Home » Fakty, mity, stereotypy » Czy rozgrzewanie auta podczas postoju to dobry pomysł?
Czas czytania artykułu: 3 minut

 

Temperatury oscylujące w okolicy zera to nie tylko wyzwanie dla rynku odzieżowego, ale również motoryzacyjnego. Każdy właściciel czterech kółek doskonale zdaje sobie sprawę, że w tym okresie musi liczyć się nie tylko z większym zużyciem akumulatora, ale także podwyższonym spalaniem, ze względu na dłuższy czas rozgrzania jednostki napędowej i większą ilość energii potrzebnej do jej rozruchu. Dlaczego tak jest? Zimą jak nigdy przydaje się elektryczne ogrzewanie, dogrzewanie szyb oraz wiele innych układów elektronicznych, które mają zapewnić nam bezpieczeństwo w tych niesprzyjających warunkach. Warto więc szukać sposobu na oszczędności, a do tego przydatna jest wiedza na temat niektórych prawidłowości związanych z ograniczeniem zimowego spalania. Czy rozgrzewanie auta podczas postoju to dobry pomysł? Sprawdźmy to!

W opinii ekspertów

Zwracając się z tym dylematem do ekspertów, niemal na pewno można usłyszeć, że rozgrzewanie auta na postoju wcale nie jest pomocne, jeśli ma się zamiar zmniejszyć zużycie paliwa w normalnym użytkowaniu podczas dojazdów do pracy, sklepu, domu, czy w innej ważnej sprawie. Dlaczego tak jest? Po pierwsze, za takie zachowanie grozi mandat, gdyż przyczynia się ono do zwiększenia emisji spalin. Poza tym specjaliści podkreślają w swoich opiniach, że:
– rozgrzanie się silnika podczas postoju trwa dłużej, a więc i zużycie paliwa jest wówczas większe,
– przekraczanie w takich warunkach 2000 obrotów na minutę także przyczyni się do jeszcze większego spalania,
– o wiele bardziej odpowiedzialnym zachowaniem jest utrzymanie płynności jazdy, a gdy na jezdni zalega śnieg, trzymanie się kolein odciśniętych przez koła aut innych kierowców.
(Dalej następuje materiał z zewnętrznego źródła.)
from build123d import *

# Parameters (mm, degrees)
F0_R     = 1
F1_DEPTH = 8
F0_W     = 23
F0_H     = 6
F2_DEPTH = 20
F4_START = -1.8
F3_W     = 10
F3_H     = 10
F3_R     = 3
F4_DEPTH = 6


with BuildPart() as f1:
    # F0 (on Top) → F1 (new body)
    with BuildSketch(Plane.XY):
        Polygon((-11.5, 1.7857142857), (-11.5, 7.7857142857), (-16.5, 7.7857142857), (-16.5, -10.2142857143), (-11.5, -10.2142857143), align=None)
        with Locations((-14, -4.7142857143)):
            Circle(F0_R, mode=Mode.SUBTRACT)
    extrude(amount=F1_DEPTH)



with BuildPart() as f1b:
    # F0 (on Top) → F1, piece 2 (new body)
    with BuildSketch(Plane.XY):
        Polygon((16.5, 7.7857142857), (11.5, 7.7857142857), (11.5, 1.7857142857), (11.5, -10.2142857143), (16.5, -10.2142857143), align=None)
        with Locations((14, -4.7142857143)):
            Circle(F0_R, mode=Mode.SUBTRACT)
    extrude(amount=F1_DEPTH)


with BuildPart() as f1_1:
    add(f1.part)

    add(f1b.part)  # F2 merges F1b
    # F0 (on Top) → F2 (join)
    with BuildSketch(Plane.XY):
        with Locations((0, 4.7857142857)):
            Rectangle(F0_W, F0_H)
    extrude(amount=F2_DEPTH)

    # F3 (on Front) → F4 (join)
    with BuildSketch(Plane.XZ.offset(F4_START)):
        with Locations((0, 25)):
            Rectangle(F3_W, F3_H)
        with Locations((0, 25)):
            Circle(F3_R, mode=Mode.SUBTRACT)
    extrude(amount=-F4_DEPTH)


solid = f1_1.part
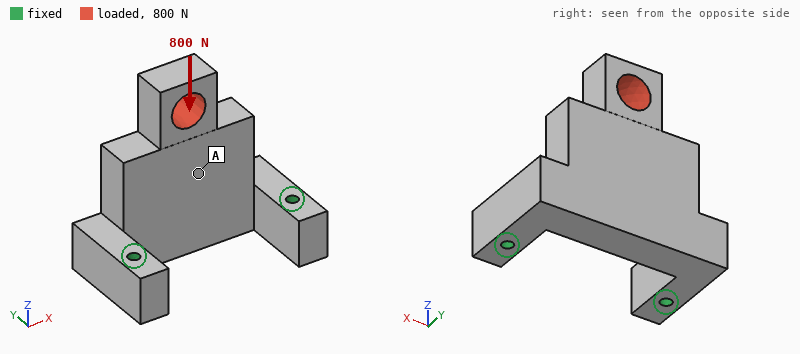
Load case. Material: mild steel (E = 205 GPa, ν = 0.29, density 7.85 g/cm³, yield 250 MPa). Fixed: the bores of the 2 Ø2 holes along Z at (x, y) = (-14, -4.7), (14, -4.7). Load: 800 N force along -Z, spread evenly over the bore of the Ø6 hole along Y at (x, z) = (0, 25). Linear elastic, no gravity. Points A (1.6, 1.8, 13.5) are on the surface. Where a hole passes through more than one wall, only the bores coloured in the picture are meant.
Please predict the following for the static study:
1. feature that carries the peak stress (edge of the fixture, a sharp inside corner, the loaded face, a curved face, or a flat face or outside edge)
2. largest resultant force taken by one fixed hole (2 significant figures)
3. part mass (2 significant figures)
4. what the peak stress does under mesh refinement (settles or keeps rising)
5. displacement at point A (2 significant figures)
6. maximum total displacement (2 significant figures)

edge of the fixture
400 N
36 g
keeps rising
5.6 µm
14 µm
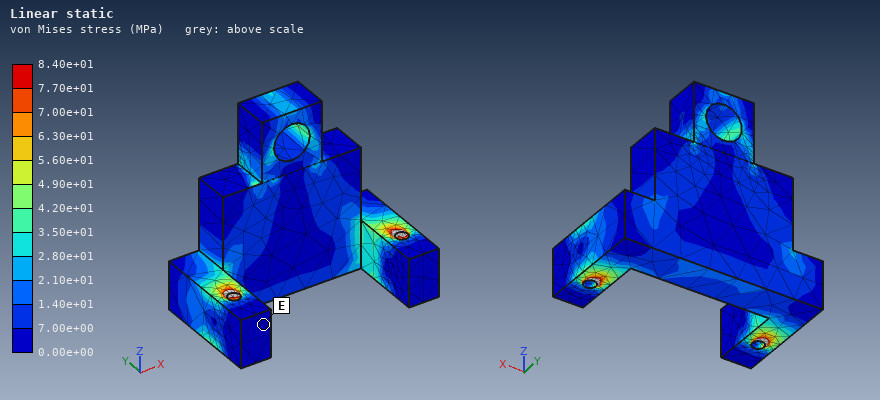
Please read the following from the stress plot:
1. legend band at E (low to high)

0.00e+00 to 7.00e+00 MPa
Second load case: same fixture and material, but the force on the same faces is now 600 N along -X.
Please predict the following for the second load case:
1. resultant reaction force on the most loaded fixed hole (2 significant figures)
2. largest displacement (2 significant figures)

540 N
17 µm
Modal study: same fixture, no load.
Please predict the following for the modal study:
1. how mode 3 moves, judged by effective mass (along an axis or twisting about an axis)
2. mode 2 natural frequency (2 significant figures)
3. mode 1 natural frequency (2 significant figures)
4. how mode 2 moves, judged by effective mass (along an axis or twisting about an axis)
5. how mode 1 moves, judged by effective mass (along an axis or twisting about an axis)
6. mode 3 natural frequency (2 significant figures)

along Z
12 kHz
5900 Hz
along X
along Y
15 kHz
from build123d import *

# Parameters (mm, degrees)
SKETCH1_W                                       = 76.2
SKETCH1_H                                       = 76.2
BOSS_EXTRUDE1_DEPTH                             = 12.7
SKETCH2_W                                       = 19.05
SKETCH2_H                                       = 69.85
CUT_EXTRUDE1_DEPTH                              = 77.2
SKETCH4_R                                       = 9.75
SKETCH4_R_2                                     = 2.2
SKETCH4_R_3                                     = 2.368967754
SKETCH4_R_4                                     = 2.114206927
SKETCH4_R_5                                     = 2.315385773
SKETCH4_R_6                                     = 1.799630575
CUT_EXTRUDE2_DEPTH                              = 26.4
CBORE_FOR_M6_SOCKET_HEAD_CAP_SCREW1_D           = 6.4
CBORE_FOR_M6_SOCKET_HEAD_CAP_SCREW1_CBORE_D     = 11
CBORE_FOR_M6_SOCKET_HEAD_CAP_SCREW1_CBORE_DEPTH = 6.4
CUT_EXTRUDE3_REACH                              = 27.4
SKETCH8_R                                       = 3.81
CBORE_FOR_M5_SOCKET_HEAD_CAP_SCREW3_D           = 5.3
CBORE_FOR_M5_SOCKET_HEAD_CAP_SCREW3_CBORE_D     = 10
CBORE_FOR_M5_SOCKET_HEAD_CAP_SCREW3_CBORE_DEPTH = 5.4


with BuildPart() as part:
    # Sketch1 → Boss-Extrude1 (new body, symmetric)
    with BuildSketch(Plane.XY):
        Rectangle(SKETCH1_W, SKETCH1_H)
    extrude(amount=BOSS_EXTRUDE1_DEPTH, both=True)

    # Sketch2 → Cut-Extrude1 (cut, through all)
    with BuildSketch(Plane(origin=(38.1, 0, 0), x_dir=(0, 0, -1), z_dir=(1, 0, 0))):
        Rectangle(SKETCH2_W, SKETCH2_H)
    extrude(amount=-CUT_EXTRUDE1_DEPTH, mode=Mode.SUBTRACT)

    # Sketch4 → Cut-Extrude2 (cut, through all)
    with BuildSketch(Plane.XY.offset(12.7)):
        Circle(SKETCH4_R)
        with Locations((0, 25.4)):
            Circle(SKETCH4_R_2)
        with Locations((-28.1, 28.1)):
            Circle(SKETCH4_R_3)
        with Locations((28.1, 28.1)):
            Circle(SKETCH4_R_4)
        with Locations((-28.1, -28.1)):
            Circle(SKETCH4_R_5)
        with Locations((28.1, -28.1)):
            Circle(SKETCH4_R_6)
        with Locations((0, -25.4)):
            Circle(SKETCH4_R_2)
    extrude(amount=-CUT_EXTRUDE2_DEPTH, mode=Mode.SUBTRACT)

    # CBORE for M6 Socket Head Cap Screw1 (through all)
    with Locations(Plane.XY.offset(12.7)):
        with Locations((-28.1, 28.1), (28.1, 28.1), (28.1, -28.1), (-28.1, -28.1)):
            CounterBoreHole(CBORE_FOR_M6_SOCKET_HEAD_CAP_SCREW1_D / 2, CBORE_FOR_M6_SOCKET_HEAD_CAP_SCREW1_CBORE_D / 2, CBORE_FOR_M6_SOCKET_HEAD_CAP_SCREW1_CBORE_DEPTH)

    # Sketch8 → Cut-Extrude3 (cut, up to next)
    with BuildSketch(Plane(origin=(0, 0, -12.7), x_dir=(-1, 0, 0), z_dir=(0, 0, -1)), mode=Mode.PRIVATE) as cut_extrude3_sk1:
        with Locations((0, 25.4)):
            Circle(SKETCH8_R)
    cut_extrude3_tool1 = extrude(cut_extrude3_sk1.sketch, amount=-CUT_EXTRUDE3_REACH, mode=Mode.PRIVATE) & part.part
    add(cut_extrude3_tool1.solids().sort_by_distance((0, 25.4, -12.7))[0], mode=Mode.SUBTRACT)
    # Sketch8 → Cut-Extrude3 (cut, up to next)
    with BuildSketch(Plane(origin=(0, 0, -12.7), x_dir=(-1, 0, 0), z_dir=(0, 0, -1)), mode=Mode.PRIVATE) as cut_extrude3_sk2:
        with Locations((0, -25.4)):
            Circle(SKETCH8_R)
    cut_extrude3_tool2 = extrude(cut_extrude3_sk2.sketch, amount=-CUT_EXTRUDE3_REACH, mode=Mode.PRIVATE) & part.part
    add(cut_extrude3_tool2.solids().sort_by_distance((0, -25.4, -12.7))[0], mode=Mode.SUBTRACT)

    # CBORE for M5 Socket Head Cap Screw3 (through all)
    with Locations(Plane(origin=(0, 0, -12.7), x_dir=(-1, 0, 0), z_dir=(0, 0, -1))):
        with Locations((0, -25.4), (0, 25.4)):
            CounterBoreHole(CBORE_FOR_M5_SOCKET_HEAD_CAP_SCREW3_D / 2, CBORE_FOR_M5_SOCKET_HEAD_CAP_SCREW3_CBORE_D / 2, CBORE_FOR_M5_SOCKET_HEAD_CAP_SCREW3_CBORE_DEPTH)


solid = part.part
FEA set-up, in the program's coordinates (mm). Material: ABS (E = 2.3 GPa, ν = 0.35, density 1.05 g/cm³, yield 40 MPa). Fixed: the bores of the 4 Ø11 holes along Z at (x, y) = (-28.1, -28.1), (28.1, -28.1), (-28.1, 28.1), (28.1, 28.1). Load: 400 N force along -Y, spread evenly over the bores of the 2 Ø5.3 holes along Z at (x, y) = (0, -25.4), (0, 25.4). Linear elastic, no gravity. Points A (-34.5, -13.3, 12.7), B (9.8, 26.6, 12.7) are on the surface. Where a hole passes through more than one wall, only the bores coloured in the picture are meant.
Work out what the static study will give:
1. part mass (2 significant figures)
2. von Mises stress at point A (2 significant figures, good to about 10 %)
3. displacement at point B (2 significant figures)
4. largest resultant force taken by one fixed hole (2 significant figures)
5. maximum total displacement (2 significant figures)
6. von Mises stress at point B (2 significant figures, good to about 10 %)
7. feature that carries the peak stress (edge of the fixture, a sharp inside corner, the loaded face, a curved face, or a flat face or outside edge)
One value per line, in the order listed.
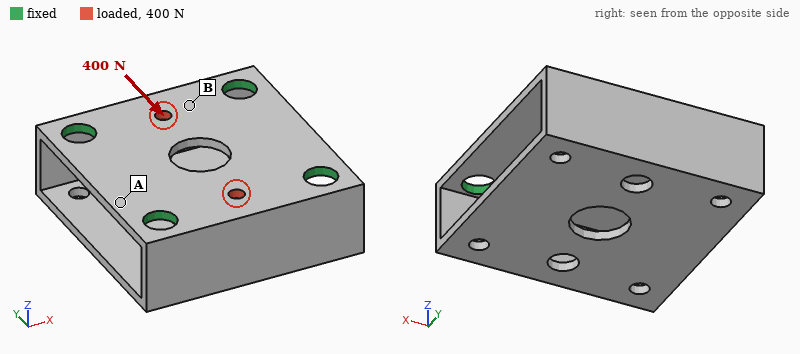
44 g
0.51 MPa
22 µm
100 N
42 µm
1.6 MPa
the loaded face
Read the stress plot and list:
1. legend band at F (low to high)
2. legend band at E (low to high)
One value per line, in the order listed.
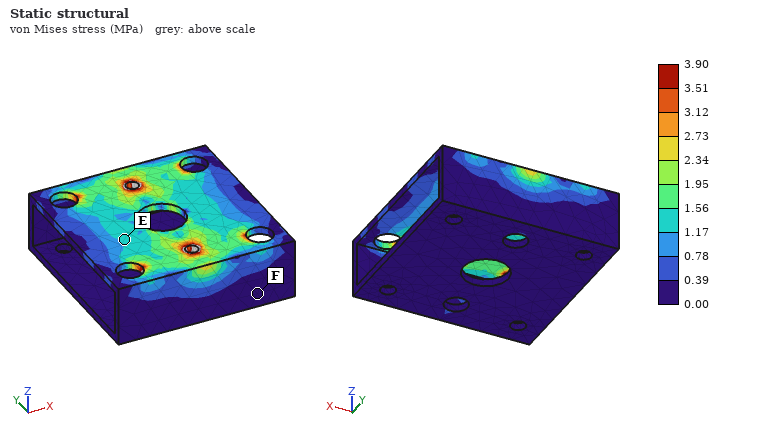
0.00 to 0.39 MPa
1.17 to 1.56 MPa
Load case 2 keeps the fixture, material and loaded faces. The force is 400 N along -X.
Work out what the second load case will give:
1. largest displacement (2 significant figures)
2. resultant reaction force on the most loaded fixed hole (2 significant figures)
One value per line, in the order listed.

20 µm
100 N
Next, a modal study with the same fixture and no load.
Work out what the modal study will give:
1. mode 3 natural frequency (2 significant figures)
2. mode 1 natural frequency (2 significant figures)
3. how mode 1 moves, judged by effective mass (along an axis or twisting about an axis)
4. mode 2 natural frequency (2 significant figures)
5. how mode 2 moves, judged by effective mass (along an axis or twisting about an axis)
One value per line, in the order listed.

880 Hz
640 Hz
along Y
740 Hz
along Z
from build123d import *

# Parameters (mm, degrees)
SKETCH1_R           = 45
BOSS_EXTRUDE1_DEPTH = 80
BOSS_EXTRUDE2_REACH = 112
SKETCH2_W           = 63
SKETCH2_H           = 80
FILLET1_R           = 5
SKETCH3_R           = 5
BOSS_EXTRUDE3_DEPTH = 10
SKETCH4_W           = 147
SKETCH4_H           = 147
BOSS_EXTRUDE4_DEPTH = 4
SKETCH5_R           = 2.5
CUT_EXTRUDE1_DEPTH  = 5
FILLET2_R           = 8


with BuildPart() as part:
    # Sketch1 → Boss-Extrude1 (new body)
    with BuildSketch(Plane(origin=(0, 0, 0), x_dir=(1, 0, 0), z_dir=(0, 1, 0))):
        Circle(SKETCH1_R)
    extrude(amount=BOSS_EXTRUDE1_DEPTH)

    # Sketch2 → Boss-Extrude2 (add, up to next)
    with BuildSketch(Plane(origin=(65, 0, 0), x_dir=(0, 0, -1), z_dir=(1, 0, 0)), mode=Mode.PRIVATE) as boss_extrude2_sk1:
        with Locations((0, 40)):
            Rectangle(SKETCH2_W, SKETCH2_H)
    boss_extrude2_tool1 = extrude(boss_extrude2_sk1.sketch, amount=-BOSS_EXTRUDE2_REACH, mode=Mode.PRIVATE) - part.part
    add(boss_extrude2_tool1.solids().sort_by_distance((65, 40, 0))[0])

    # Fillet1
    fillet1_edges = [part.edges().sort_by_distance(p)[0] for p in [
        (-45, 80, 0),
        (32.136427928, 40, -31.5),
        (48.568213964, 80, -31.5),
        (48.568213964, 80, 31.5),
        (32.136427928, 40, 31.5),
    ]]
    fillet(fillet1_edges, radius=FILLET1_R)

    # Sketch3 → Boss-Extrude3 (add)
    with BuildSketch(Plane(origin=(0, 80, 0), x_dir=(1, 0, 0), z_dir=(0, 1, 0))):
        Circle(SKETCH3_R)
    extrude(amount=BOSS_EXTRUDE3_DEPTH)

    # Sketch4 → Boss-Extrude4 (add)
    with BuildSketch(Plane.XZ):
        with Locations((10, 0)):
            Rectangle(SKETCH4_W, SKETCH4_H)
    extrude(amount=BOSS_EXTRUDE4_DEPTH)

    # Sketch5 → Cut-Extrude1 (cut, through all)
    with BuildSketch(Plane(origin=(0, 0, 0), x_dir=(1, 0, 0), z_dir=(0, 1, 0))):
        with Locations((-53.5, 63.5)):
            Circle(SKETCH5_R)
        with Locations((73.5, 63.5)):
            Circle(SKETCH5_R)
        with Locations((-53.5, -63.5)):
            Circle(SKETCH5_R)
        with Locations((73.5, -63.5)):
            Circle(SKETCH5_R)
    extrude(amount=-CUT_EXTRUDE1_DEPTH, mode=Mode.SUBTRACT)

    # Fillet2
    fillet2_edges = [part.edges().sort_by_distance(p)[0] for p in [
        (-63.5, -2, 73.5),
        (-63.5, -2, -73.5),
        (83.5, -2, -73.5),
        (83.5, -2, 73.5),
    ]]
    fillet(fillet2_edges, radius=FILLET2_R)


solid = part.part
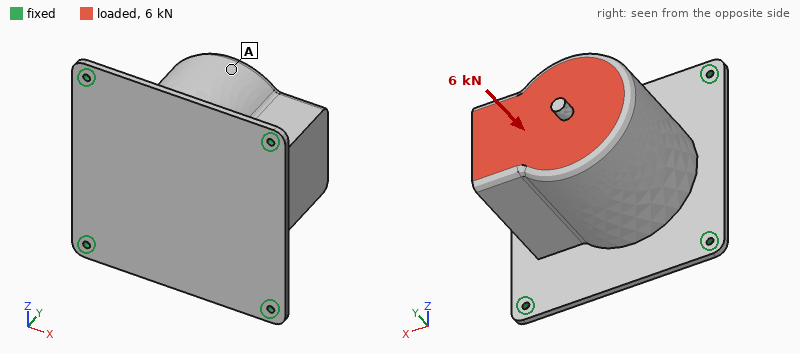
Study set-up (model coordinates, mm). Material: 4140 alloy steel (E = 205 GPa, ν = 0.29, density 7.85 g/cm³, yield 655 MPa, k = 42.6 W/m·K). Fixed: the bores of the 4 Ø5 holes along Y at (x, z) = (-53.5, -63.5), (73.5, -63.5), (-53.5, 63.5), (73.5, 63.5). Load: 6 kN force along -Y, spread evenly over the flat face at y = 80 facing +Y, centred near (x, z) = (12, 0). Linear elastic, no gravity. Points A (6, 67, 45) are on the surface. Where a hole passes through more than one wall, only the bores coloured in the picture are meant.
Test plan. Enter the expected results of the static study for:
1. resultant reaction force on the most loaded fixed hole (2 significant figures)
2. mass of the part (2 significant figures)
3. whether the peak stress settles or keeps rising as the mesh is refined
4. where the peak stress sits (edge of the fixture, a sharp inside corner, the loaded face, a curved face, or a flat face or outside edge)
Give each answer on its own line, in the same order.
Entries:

Rozgrzewanie auta na postoju – perspektywa techniczna

Jak zapewne większość z was wie, aby ogrzać silnik przy minusowych temperaturach potrzeba dużo większej energii, niż gdy wskazania termometrów utrzymują się powyżej zera. Z perspektywy technicznej nie można zapomnieć również o tym, że:
– oleje i smary w takich warunkach zwiększają swoją gęstość, a więc generują większy opór,
– jazda na niższym biegu w tym okresie, przy równoczesnym zwiększeniu obrotów, również nie pomoże kierowcy zaoszczędzić na wizycie na stacji paliw,
– wiele do powiedzenia w tej sprawie ma technika jazdy i nawyki kierowcy (również, jeśli chodzi o korzystanie z elektroniki wewnątrz pojazdu),
– zima to czas, gdy straty ciepła są ogromne (zarówno w komorze silnika, jak i chłodnicy).

Zamiast rozgrzewać auto na postoju można…

Jeśli nie rozgrzewanie silnika na biegu jałowym to co? Możliwości jest wiele i warto stosować jak największą ilość z nich, aby efekty naszego wysiłku zmotywowały nas do utrzymania niektórych zachowań, które z czasem wejdą nam w nawyk. Zamiast więc narażać się na otrzymanie mandatu lepiej:
– dopilnować, by przez ok. 20 minut od uruchomienia silnika, nie przeciążać go podczas jazdy,
– wiedzieć, że obroty silnika w zimie powinniśmy utrzymywać na poziomie nie większym niż 2000-2500 (zwiększenie tej wartości powinno skutkować zmianą biegu na wyższy),
– ograniczyć wsparcie klimatyzacji podczas ogrzewania wnętrza auta, gdyż uruchomienie obu systemów znacznie zwiększa pobór mocy, a więc także spalanie,
– ogrzewać samochód stopniowo, zamiast niecierpliwie ustawiać nawiew na pełną moc,
– zadbać o dobry stan ogumienia, które będzie generowało jak najmniejszy opór toczenia i zapewni nam również dobrą przyczepność, która bezpośrednio wpływa na bezpieczeństwo podróży,
– częściej niż zwykle kontrolować ciśnienie w oponach, gdyż niska temperatura może negatywnie wpływać na ten parametr,
– starać się operować pedałami jak najmniej gwałtownie (zwłaszcza jeśli chodzi o przyspieszanie i hamowanie).